Kabakov se sorprendió al advertir una expresión de disgusto en sus ojos cuando lo miró. La muchacha y Eddie se alejaron caminando juntos, con las cabezas inclinadas, conversando. Ella había rodeado con el brazo la espalda del hombrecito.

Kabakov hubiera preferido mantener a Corley fuera del asunto. Hasta el momento, el agente del FBI no sabía nada de sus tratos con Jerry Sapp y su lancha. Kabakov quería seguir adelante solo. Necesitaba hablar con Sapp antes de que ese hombre se amparara en la Constitución.

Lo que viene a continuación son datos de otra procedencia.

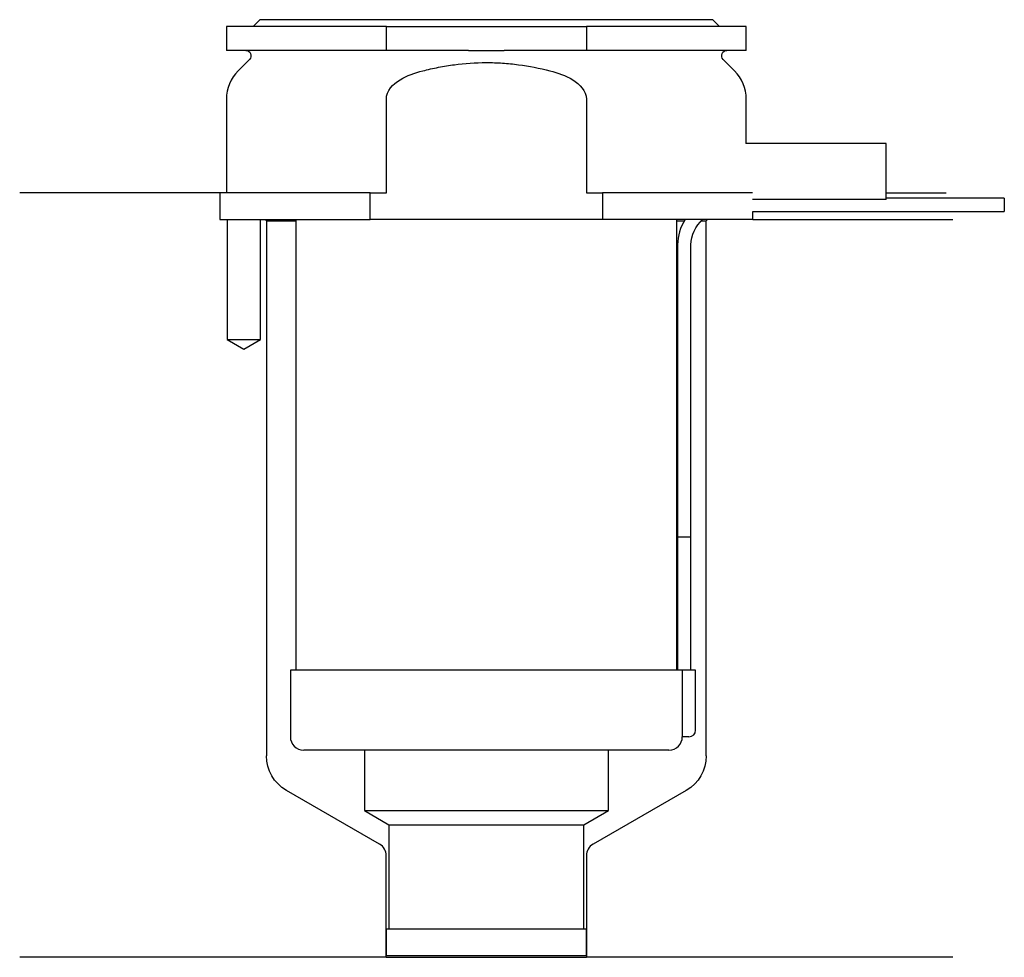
# Model space of a CAD drawing. Header units: inches. Extents: x 22.5 to 96.4, y 214 to 284.3.
import ezdxf

# ---------------------------------------------------------------- set-up
doc = ezdxf.new("R2010")
doc.units = ezdxf.units.IN
for name, color, linetype in [('201', 7, 'Continuous'), ('30', 7, 'Continuous'), ('32', 7, 'Continuous')]:
    doc.layers.add(name, color=color, linetype=linetype)

msp = doc.modelspace()

# ---------------------------------------------------------------- linework, layer by layer
at = {"layer": '201', "color": 113}
for p, q in [((37.526, 271.313), (22.526, 271.313)), ((37.526, 271.313), (37.526, 269.313)), ((87.525, 271.313), (92.007, 271.313)), ((38.076, 269.313), (38.076, 260.313)), ((40.576, 260.313), (40.576, 269.313)), ((40.926, 269.313), (41.026, 269.213)), ((41.026, 269.213), (43.226, 269.213)), ((41.026, 269.213), (41.026, 229.093)), ((71.825, 269.213), (72.374, 269.213)), ((73.64, 269.213), (74.026, 269.213)), ((74.026, 269.213), (74.126, 269.313)), ((74.026, 229.093), (74.026, 269.213)), ((77.526, 269.313), (92.526, 269.313)), ((38.076, 260.313), (39.326, 259.591)), ((39.326, 259.591), (40.576, 260.313)), ((49.521, 222.456), (42.526, 226.494)), ((72.526, 226.494), (65.531, 222.456)), ((50.021, 213.967), (50.021, 221.59)), ((65.031, 221.59), (65.031, 213.967)), ((50.021, 213.967), (22.526, 213.967)), ((50.021, 213.967), (65.031, 213.967)), ((92.526, 213.967), (65.031, 213.967))]:
    msp.add_line(p, q, dxfattribs=at)
at = {"layer": '201', "color": 113, "extrusion": (0, 0, -1)}
for centre, start, end in [((-44.026, 229.093), 300, 360), ((-71.026, 229.093), 180, 240)]:
    msp.add_arc(centre, 3, start, end, dxfattribs=at)
at = {"layer": '201', "color": 113}
for centre, start, end in [((49.021, 221.59), 0, 60), ((66.031, 221.59), 120, 180)]:
    msp.add_arc(centre, 1, start, end, dxfattribs=at)
at = {"layer": '30', "color": 113}
for p, q in [((50.026, 283.813), (38.026, 283.813)), ((38.026, 283.813), (38.026, 282.013)), ((40.526, 284.313), (40.026, 283.813)), ((74.526, 284.313), (40.526, 284.313)), ((50.026, 282.013), (50.026, 283.813)), ((50.026, 283.813), (65.026, 283.813)), ((77.026, 283.813), (65.026, 283.813)), ((65.026, 283.813), (65.026, 282.013)), ((75.026, 283.813), (74.526, 284.313)), ((77.026, 282.013), (77.026, 283.813)), ((50.026, 282.013), (38.026, 282.013)), ((56.183, 282.013), (50.026, 282.013)), ((65.026, 282.013), (58.868, 282.013)), ((77.026, 282.013), (65.026, 282.013)), ((39.758, 281.33), (38.904, 280.476)), ((76.147, 280.476), (75.293, 281.33)), ((38.026, 278.355), (38.026, 271.313)), ((50.026, 271.313), (50.026, 278.355)), ((65.026, 278.355), (65.026, 271.313)), ((77.026, 275.013), (77.026, 278.355)), ((37.526, 271.313), (37.526, 269.313)), ((48.808, 271.313), (37.526, 271.313)), ((48.808, 271.313), (50.026, 271.313)), ((48.808, 269.313), (48.808, 271.313)), ((65.026, 271.313), (66.243, 271.313)), ((77.486, 271.313), (66.243, 271.313)), ((66.243, 271.313), (66.243, 269.313)), ((96.376, 270.913), (87.525, 270.913)), ((96.376, 270.913), (96.376, 269.913)), ((77.526, 269.913), (96.376, 269.913)), ((77.526, 269.313), (77.526, 269.913)), ((37.526, 269.313), (48.808, 269.313)), ((38.076, 269.313), (38.076, 260.313)), ((40.576, 260.313), (40.576, 269.313)), ((43.226, 269.313), (43.226, 235.513)), ((66.243, 269.313), (48.808, 269.313)), ((77.526, 269.313), (66.243, 269.313)), ((71.826, 235.513), (71.826, 269.313)), ((71.876, 267.413), (71.876, 245.513)), ((72.876, 245.513), (72.876, 267.413)), ((38.076, 260.313), (40.576, 260.313)), ((71.876, 245.513), (72.876, 245.513)), ((71.876, 245.513), (71.876, 235.513)), ((71.876, 245.513), (72.876, 245.513)), ((72.876, 235.513), (72.876, 245.513)), ((72.202, 235.513), (42.826, 235.513)), ((42.826, 235.513), (42.826, 230.513)), ((72.202, 235.513), (72.202, 231.013)), ((73.226, 235.513), (72.202, 235.513)), ((73.226, 231.013), (73.226, 235.513)), ((72.726, 230.513), (72.222, 230.513)), ((71.226, 229.513), (43.826, 229.513)), ((48.376, 229.513), (48.376, 224.978)), ((66.676, 224.978), (66.676, 229.513)), ((48.376, 224.978), (66.676, 224.978)), ((48.376, 224.978), (50.221, 223.913)), ((64.831, 223.913), (66.676, 224.978)), ((50.221, 223.913), (64.831, 223.913)), ((50.221, 223.913), (50.221, 216.113)), ((64.831, 216.113), (64.831, 223.913)), ((50.021, 216.113), (50.021, 214.113)), ((50.021, 216.113), (65.031, 216.113)), ((65.031, 214.113), (65.031, 216.113)), ((50.021, 214.113), (65.031, 214.113))]:
    msp.add_line(p, q, dxfattribs=at)
at = {"layer": '30', "color": 113, "extrusion": (0, 0, -1)}
for centre, radius, start, end in [((-39.476, 281.613), 0.4, 90, 225), ((-75.576, 281.613), 0.4, -45, 90), ((-75.376, 267.413), 2.5, 0, 49.46345)]:
    msp.add_arc(centre, radius, start, end, dxfattribs=at)
at = {"layer": '30', "color": 113}
for centre, radius, start, end in [((41.026, 278.355), 3, 135, 180), ((74.026, 278.355), 3, 0, 45), ((75.376, 267.413), 3.5, 147.12047, 180), ((43.826, 230.513), 1, 180, 270), ((71.226, 230.513), 1, -90, 0), ((72.726, 231.013), 0.5, -90, 0)]:
    msp.add_arc(centre, radius, start, end, dxfattribs=at)
for points, knots in [([(56.183, 282.013), (56.63, 282.013), (57.076, 282.01), (57.635, 282.01), (57.747, 282.01), (57.971, 282.01), (58.083, 282.011), (58.42, 282.012), (58.644, 282.013), (58.868, 282.013)], [0, 0, 0, 0, 0.5, 0.5, 0.625, 0.625, 0.75, 0.75, 1, 1, 1, 1]), ([(52.755, 280.476), (52.951, 280.526), (53.148, 280.574), (53.542, 280.663), (53.739, 280.704), (54.332, 280.82), (54.728, 280.885), (55.921, 281.043), (56.721, 281.097), (57.728, 281.097), (57.929, 281.094), (58.333, 281.08), (58.536, 281.07), (59.141, 281.029), (59.542, 280.989), (60.735, 280.83), (61.52, 280.675), (62.296, 280.476)], [0, 0, 0, 0, 0.0625, 0.0625, 0.125, 0.125, 0.25, 0.25, 0.5, 0.5, 0.5625, 0.5625, 0.625, 0.625, 0.75, 0.75, 1, 1, 1, 1]), ([(50.026, 278.355), (50.026, 278.972), (50.527, 279.477), (51.577, 280.123), (52.16, 280.324), (52.755, 280.476)], [0, 0, 0, 0, 0.5, 0.5, 1, 1, 1, 1]), ([(62.296, 280.476), (62.892, 280.323), (63.476, 280.122), (64.526, 279.476), (65.026, 278.97), (65.026, 278.355)], [0, 0, 0, 0, 0.5, 0.5, 1, 1, 1, 1]), ([(72.202, 231.013), (72.202, 230.958), (72.202, 230.902), (72.204, 230.797), (72.206, 230.747), (72.209, 230.661), (72.211, 230.623), (72.215, 230.563), (72.217, 230.541), (72.219, 230.528), (72.22, 230.518), (72.221, 230.513)], [0, 0, 0, 0, 0.20806, 0.20806, 0.416347, 0.416347, 0.62495, 0.62495, 0.835236, 0.835236, 1, 1, 1, 1])]:
    msp.add_open_spline(points, degree=3, knots=knots, dxfattribs=at)
at = {"layer": '32', "color": 113}
for p, q in [((87.526, 275.013), (76.985, 275.013)), ((87.526, 270.813), (87.526, 275.013)), ((87.526, 270.813), (77.486, 270.813))]:
    msp.add_line(p, q, dxfattribs=at)

doc.saveas('drawing.dxf')

No le importaba violar los derechos de un hombre, su dignidad o su persona si esa violación le brindaba resultados inmediatos. El hecho de hacerlo no le preocupaba, pero la simiente interior que se nutría con el éxito de esas tácticas lo hacía sentirse incómodo.

Se daba cuenta de que estaba desarrollando actitudes despreciativas hacia la red de defensas existentes entre el ciudadano y la velocidad de su investigación. No trataba de razonar sus actos con frases capciosas como «el mayor bien», porque no era un hombre reflexivo. Al mismo tiempo que creía que sus métodos eran necesarios -y le constaba que eran efectivos- temía que la mentalidad que podría adquirir un hombre al practicarlos era algo feo y peligroso, algo que tenía un rostro para él. El de Hitler.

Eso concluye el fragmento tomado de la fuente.